#### Material provided ####

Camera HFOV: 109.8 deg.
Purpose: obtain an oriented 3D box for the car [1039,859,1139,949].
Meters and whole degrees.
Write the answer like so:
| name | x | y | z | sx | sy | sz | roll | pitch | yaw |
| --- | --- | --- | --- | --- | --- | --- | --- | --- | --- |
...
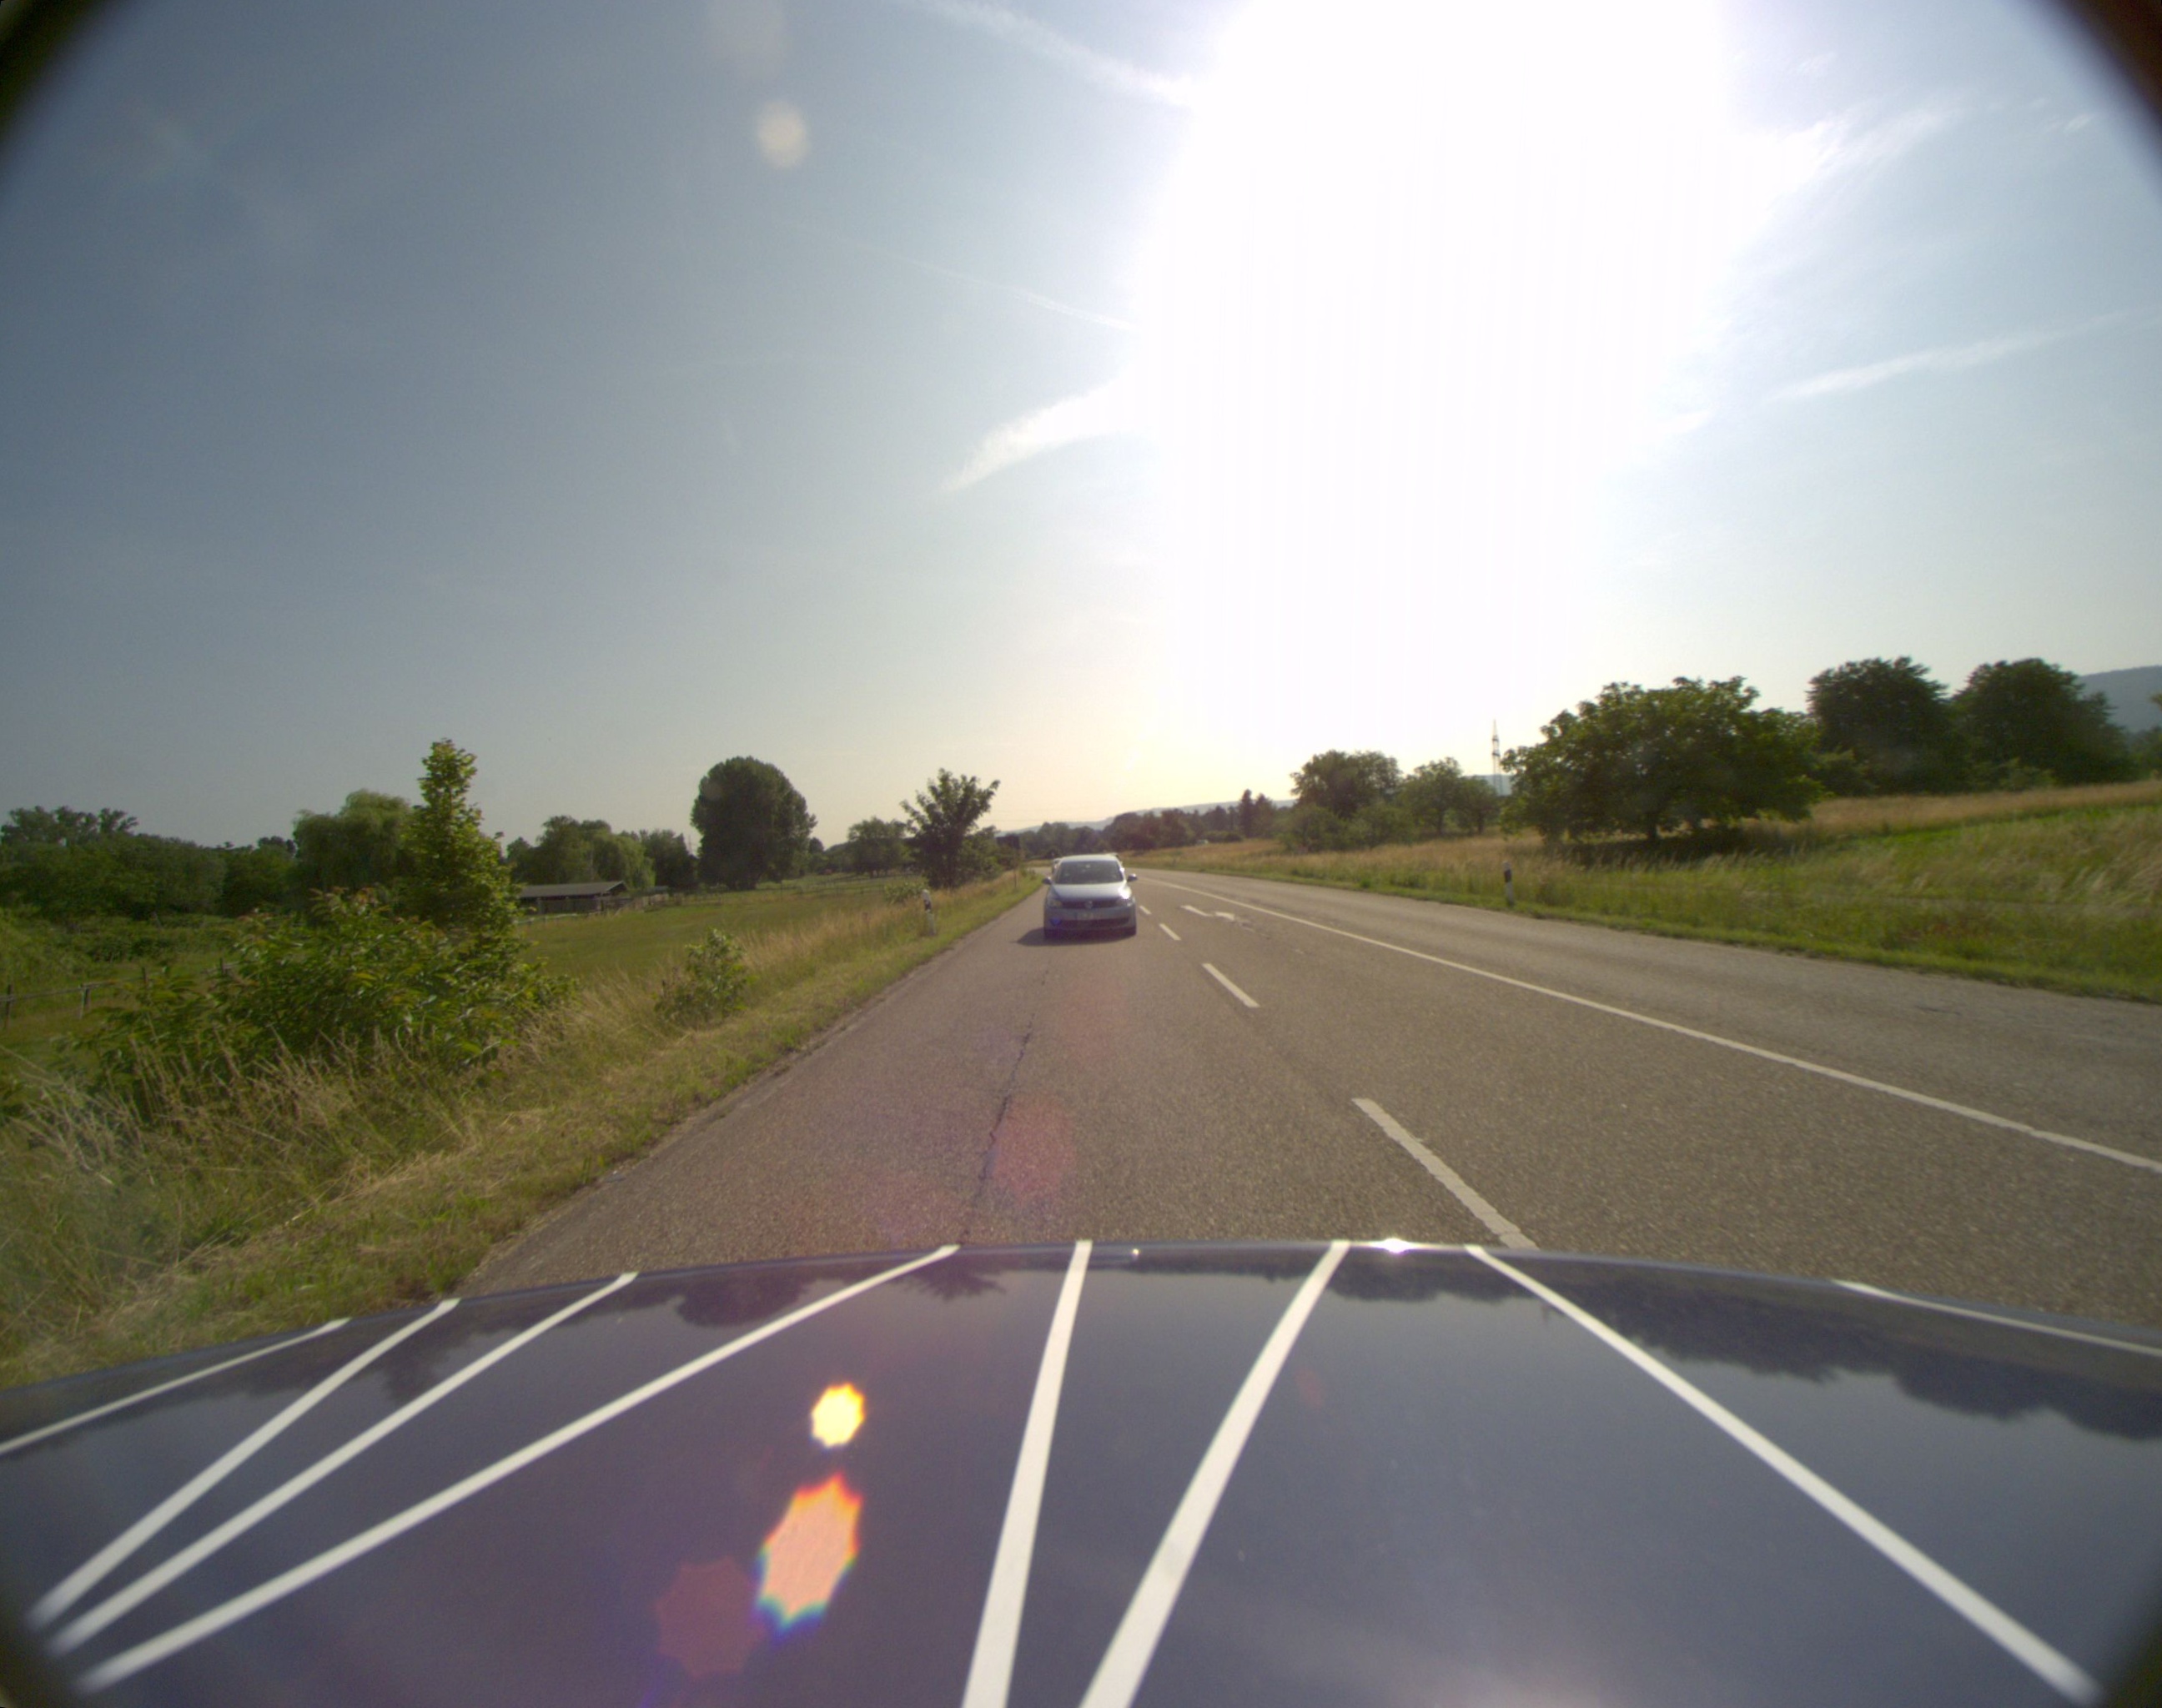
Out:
| name | x | y | z | sx | sy | sz | roll | pitch | yaw |
| --- | --- | --- | --- | --- | --- | --- | --- | --- | --- |
| car | 0.232 | 0.902 | 15.509 | 1.717 | 1.495 | 4.094 | -2 | 0 | 3 |

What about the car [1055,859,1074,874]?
| name | x | y | z | sx | sy | sz | roll | pitch | yaw |
| --- | --- | --- | --- | --- | --- | --- | --- | --- | --- |
| car | -1.927 | 1.401 | 86.223 | 1.999 | 1.570 | 3.908 | -5 | 0 | -2 |

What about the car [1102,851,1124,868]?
| name | x | y | z | sx | sy | sz | roll | pitch | yaw |
| --- | --- | --- | --- | --- | --- | --- | --- | --- | --- |
| car | 3.164 | 0.544 | 75.859 | 1.817 | 1.576 | 4.224 | -2 | 0 | -1 |
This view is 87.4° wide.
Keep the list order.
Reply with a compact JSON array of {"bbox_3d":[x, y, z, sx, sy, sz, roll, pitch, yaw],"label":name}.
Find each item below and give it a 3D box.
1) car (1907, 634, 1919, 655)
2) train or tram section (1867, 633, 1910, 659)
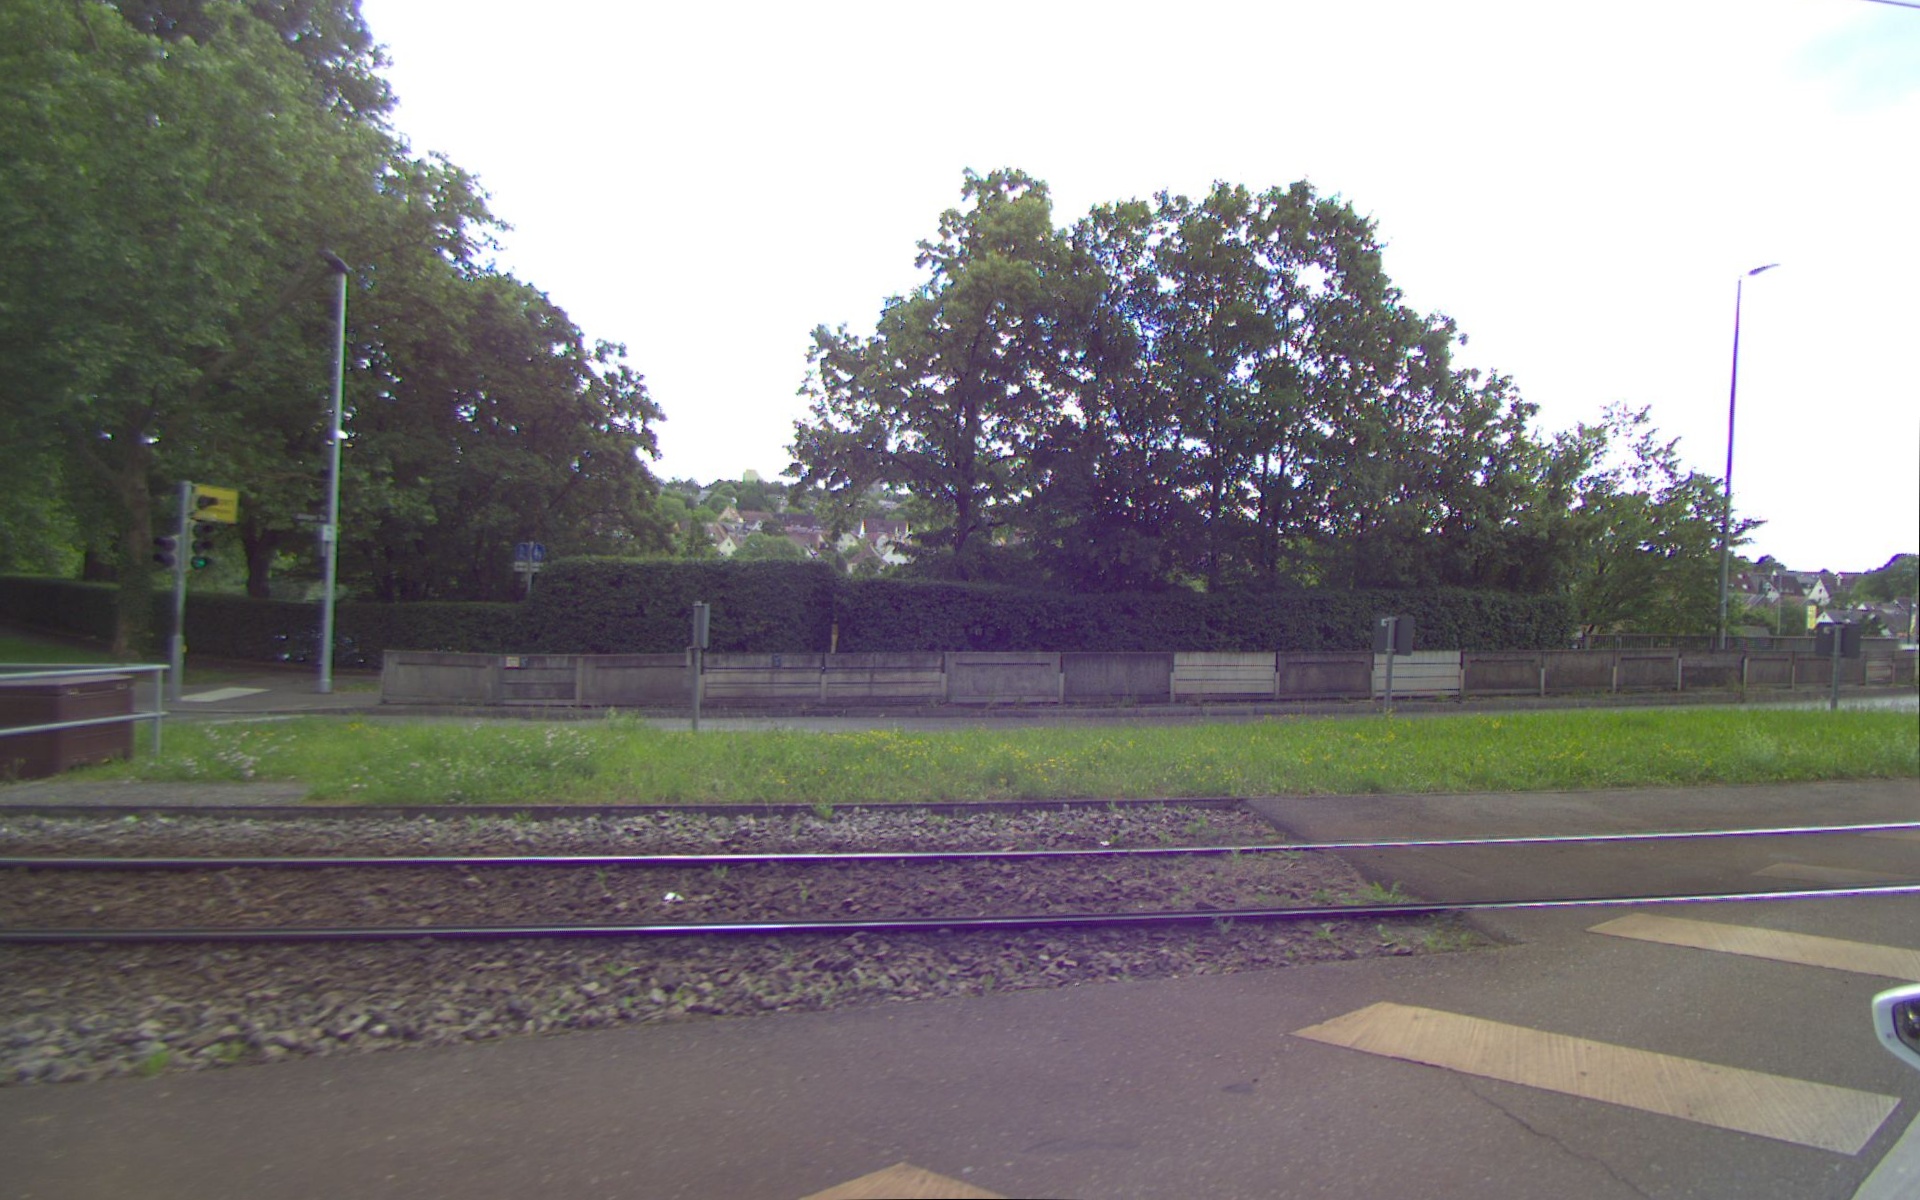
[{"bbox_3d":[75.938,3.501,78.720,1.969,1.592,4.885,3,1,38],"label":"car"},{"bbox_3d":[140.421,6.940,152.134,2.846,3.555,18.597,0,-2,37],"label":"train or tram section"}]

####

Line by line, return the listing above exactly, leaving out its pictures.

Camera HFOV: 109.8 deg.
Purpose: obtain an oriented 3D box for the car [1039,859,1139,949].
Meters and whole degrees.
Write the answer like so:
| name | x | y | z | sx | sy | sz | roll | pitch | yaw |
| --- | --- | --- | --- | --- | --- | --- | --- | --- | --- |
...
Out:
| name | x | y | z | sx | sy | sz | roll | pitch | yaw |
| --- | --- | --- | --- | --- | --- | --- | --- | --- | --- |
| car | 0.232 | 0.902 | 15.509 | 1.717 | 1.495 | 4.094 | -2 | 0 | 3 |

What about the car [1055,859,1074,874]?
| name | x | y | z | sx | sy | sz | roll | pitch | yaw |
| --- | --- | --- | --- | --- | --- | --- | --- | --- | --- |
| car | -1.927 | 1.401 | 86.223 | 1.999 | 1.570 | 3.908 | -5 | 0 | -2 |

What about the car [1102,851,1124,868]?
| name | x | y | z | sx | sy | sz | roll | pitch | yaw |
| --- | --- | --- | --- | --- | --- | --- | --- | --- | --- |
| car | 3.164 | 0.544 | 75.859 | 1.817 | 1.576 | 4.224 | -2 | 0 | -1 |
This view is 87.4° wide.
Keep the list order.
Reply with a compact JSON array of {"bbox_3d":[x, y, z, sx, sy, sz, roll, pitch, yaw],"label":name}.
Find each item below and give it a 3D box.
1) car (1907, 634, 1919, 655)
2) train or tram section (1867, 633, 1910, 659)
[{"bbox_3d":[75.938,3.501,78.720,1.969,1.592,4.885,3,1,38],"label":"car"},{"bbox_3d":[140.421,6.940,152.134,2.846,3.555,18.597,0,-2,37],"label":"train or tram section"}]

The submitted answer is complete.